MT Expert: How to deal with an employee who gives too many sprinkles

An employee was recently fired by McDonald's for over-sprinkling a colleague's McFlurry because it was classed as stealing. What does this mean for business owners with similar gripes? Employment lawyer Ann Bevitt explains.

by Ann Bevitt
Last Updated: 09 Oct 2013
Many companies apply a strict 'rules are rules' attitude in the workplace, from controlling website access to policing office biros. But they are often trivial or poorly defined, and did you know that an employee can challenge your decision to dismiss on these types of grounds? 

So is it worth employers having such rules if they can still be challenged?

The short answer is yes. Employers must make clear to employees what conduct is, and is not, acceptable both in the workplace and, if relevant, outside of it.  If employees are not aware of the rules and employers take action taken to enforce them, employees are likely to bring claims.  Companies usually make staff aware of the rules in employee policies and procedures, often focused on disciplinary rules or technology use.  However, employers must do more than simply have such policies in place if they are going to take action against employees who breach them.  To reduce the risk of claims, employers must ensure that they enforce such policies consistently.

Even then, employees may still bring claims if they are dismissed for what they perceive to be trivial infringements of petty rules. Tribunals then have to decide whether the decision to dismiss was reasonable in the circumstances.  What counts as reasonable will depend on a number of factors, and not just what the rules say.

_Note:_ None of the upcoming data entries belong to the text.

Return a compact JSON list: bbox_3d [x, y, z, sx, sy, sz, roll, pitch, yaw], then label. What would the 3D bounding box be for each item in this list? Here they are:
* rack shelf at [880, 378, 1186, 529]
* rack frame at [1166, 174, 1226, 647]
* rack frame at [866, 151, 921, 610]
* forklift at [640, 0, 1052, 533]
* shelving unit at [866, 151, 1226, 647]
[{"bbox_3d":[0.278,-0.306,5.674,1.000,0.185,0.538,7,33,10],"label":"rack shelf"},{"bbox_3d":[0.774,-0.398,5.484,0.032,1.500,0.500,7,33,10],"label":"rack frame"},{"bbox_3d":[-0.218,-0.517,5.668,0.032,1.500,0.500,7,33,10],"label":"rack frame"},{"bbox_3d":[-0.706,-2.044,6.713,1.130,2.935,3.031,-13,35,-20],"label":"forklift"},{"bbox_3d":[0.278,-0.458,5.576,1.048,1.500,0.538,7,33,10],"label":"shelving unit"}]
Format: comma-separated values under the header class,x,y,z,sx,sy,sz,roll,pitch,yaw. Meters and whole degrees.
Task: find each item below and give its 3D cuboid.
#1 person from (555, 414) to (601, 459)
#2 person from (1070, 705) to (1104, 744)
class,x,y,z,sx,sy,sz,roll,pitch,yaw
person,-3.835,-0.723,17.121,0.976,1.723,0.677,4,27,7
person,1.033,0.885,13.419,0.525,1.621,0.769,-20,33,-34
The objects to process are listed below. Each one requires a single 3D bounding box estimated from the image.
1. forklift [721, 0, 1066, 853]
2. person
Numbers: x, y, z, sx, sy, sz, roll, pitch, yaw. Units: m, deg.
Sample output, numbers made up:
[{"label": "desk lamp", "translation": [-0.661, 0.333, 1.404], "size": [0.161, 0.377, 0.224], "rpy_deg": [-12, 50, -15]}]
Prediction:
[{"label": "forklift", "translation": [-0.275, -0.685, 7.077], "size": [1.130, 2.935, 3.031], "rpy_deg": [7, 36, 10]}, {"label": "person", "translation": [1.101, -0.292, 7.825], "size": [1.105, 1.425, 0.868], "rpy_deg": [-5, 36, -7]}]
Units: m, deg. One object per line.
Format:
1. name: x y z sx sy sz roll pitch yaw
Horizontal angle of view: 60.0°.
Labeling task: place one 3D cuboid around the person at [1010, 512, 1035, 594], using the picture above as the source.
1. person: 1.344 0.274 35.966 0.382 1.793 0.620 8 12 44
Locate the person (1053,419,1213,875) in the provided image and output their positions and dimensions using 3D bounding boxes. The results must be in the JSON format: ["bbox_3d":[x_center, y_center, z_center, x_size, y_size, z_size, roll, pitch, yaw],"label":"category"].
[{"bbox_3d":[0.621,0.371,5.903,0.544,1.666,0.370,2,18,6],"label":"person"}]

For example, an employer must still investigate the facts, even if an employee has acted in breach of the rules, and consider the seriousness of the particular offence.  So the dismissal of a staff member with 12 years’ service for a one-off breach of a no-smoking policy may be reasonable if the employee worked in a factory using highly flammable materials, and had thereby put the employer’s business and property in danger, not to mention the lives of colleagues.  On the other hand, dismissing a long-serving employee with an exemplary record for fighting when provoked may be unreasonable, even if fighting is cited as an example of gross misconduct in the employer’s disciplinary policy.

So employers should have rules, but need to recognise that they are not hard and fast. Companies must always consider the effect of applying those rules in each case and decide on whether the net benefit is worth this level of management.